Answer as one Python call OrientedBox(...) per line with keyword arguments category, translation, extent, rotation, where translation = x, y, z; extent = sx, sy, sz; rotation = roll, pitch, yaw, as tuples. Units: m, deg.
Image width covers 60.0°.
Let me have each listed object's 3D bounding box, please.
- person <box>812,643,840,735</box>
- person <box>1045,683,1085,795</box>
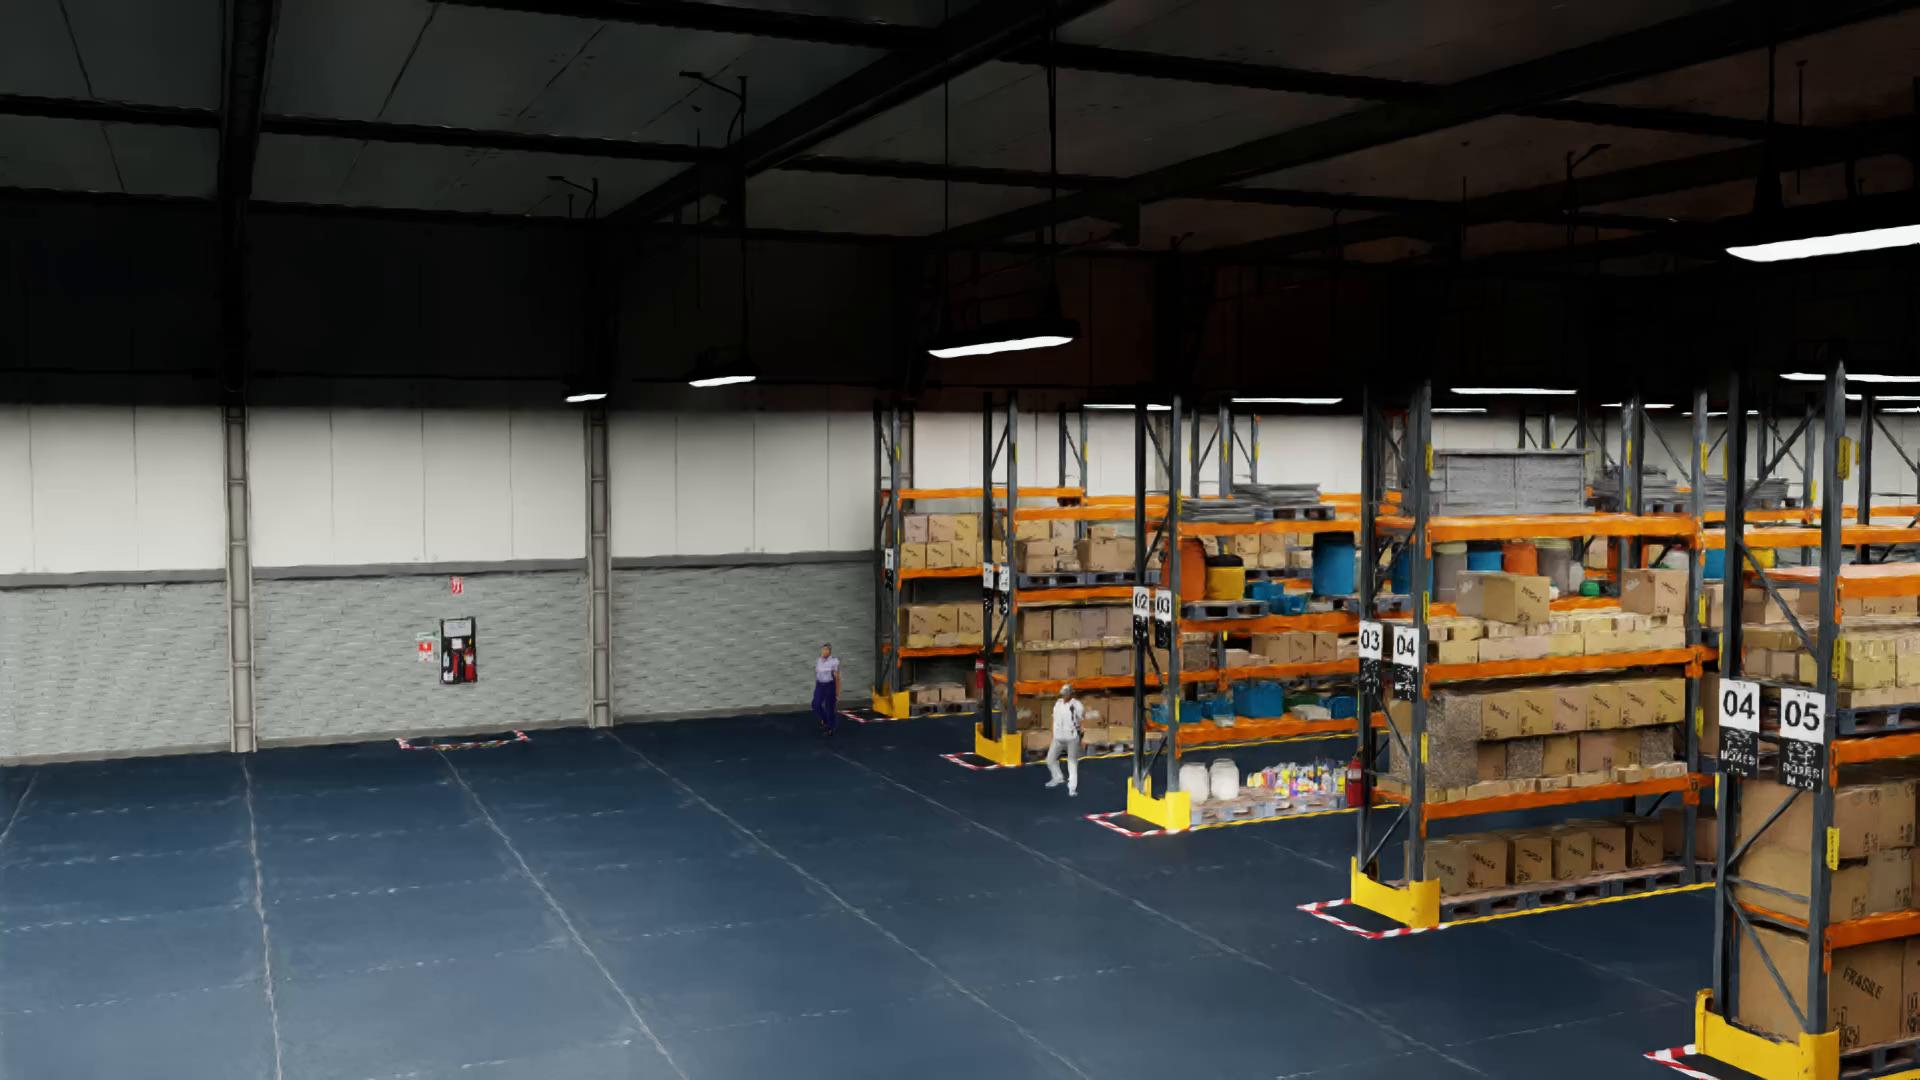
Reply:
OrientedBox(category="person", translation=(-2.352, 2.627, 29.606), extent=(0.560, 1.642, 0.520), rotation=(2, 4, 28))
OrientedBox(category="person", translation=(1.525, 2.910, 24.501), extent=(0.650, 1.655, 0.531), rotation=(2, 4, 24))

▬▬▬

**To do:** Give back every record above word for word; the pictures have no place in it.

**Written answer:**
Answer as one Python call OrientedBox(...) per line with keyword arguments category, translation, extent, rotation, where translation = x, y, z; extent = sx, sy, sz; rotation = roll, pitch, yaw, as tuples. Units: m, deg.
Image width covers 60.0°.
Let me have each listed object's 3D bounding box, please.
- person <box>812,643,840,735</box>
- person <box>1045,683,1085,795</box>
Reply:
OrientedBox(category="person", translation=(-2.352, 2.627, 29.606), extent=(0.560, 1.642, 0.520), rotation=(2, 4, 28))
OrientedBox(category="person", translation=(1.525, 2.910, 24.501), extent=(0.650, 1.655, 0.531), rotation=(2, 4, 24))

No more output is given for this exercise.